## [PROBLEM TO WORK ON]
Print the records exactly as written, and let no picture into the answer.

*** SUPPLIED INFORMATION Section Begins ***

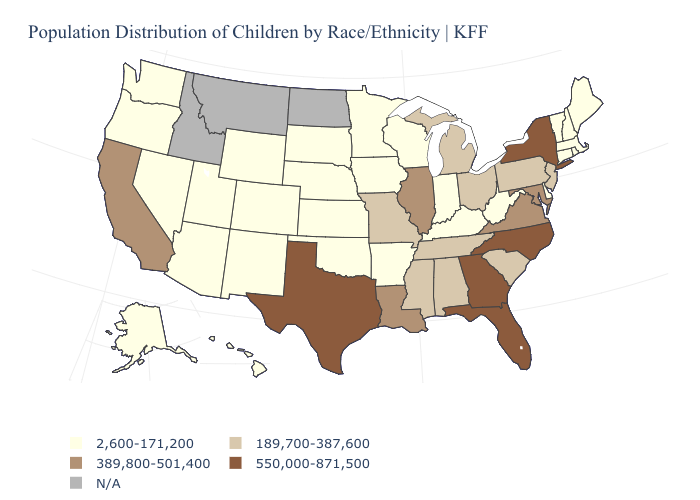Does Arkansas have the highest value in the USA?
Give a very brief answer. No. Name the states that have a value in the range 2,600-171,200?
Quick response, please. Alaska, Arizona, Arkansas, Colorado, Connecticut, Delaware, Hawaii, Indiana, Iowa, Kansas, Kentucky, Maine, Massachusetts, Minnesota, Nebraska, Nevada, New Hampshire, New Mexico, Oklahoma, Oregon, Rhode Island, South Dakota, Utah, Vermont, Washington, West Virginia, Wisconsin, Wyoming. What is the value of Colorado?
Quick response, please. 2,600-171,200. What is the lowest value in states that border Rhode Island?
Concise answer only. 2,600-171,200. Which states have the highest value in the USA?
Answer briefly. Florida, Georgia, New York, North Carolina, Texas. Does New Jersey have the lowest value in the Northeast?
Concise answer only. No. What is the lowest value in the USA?
Keep it brief. 2,600-171,200. What is the highest value in states that border Maine?
Be succinct. 2,600-171,200. What is the value of Arkansas?
Concise answer only. 2,600-171,200. Name the states that have a value in the range 189,700-387,600?
Quick response, please. Alabama, Michigan, Mississippi, Missouri, New Jersey, Ohio, Pennsylvania, South Carolina, Tennessee. Name the states that have a value in the range 189,700-387,600?
Be succinct. Alabama, Michigan, Mississippi, Missouri, New Jersey, Ohio, Pennsylvania, South Carolina, Tennessee. What is the highest value in the USA?
Be succinct. 550,000-871,500. Which states hav the highest value in the South?
Give a very brief answer. Florida, Georgia, North Carolina, Texas.

*** SUPPLIED INFORMATION Section Ends ***

## [RESPONSE AREA]
Does Arkansas have the highest value in the USA?
Give a very brief answer. No. Name the states that have a value in the range 2,600-171,200?
Quick response, please. Alaska, Arizona, Arkansas, Colorado, Connecticut, Delaware, Hawaii, Indiana, Iowa, Kansas, Kentucky, Maine, Massachusetts, Minnesota, Nebraska, Nevada, New Hampshire, New Mexico, Oklahoma, Oregon, Rhode Island, South Dakota, Utah, Vermont, Washington, West Virginia, Wisconsin, Wyoming. What is the value of Colorado?
Quick response, please. 2,600-171,200. What is the lowest value in states that border Rhode Island?
Concise answer only. 2,600-171,200. Which states have the highest value in the USA?
Answer briefly. Florida, Georgia, New York, North Carolina, Texas. Does New Jersey have the lowest value in the Northeast?
Concise answer only. No. What is the lowest value in the USA?
Keep it brief. 2,600-171,200. What is the highest value in states that border Maine?
Be succinct. 2,600-171,200. What is the value of Arkansas?
Concise answer only. 2,600-171,200. Name the states that have a value in the range 189,700-387,600?
Quick response, please. Alabama, Michigan, Mississippi, Missouri, New Jersey, Ohio, Pennsylvania, South Carolina, Tennessee. Name the states that have a value in the range 189,700-387,600?
Be succinct. Alabama, Michigan, Mississippi, Missouri, New Jersey, Ohio, Pennsylvania, South Carolina, Tennessee. What is the highest value in the USA?
Be succinct. 550,000-871,500. Which states hav the highest value in the South?
Give a very brief answer. Florida, Georgia, North Carolina, Texas.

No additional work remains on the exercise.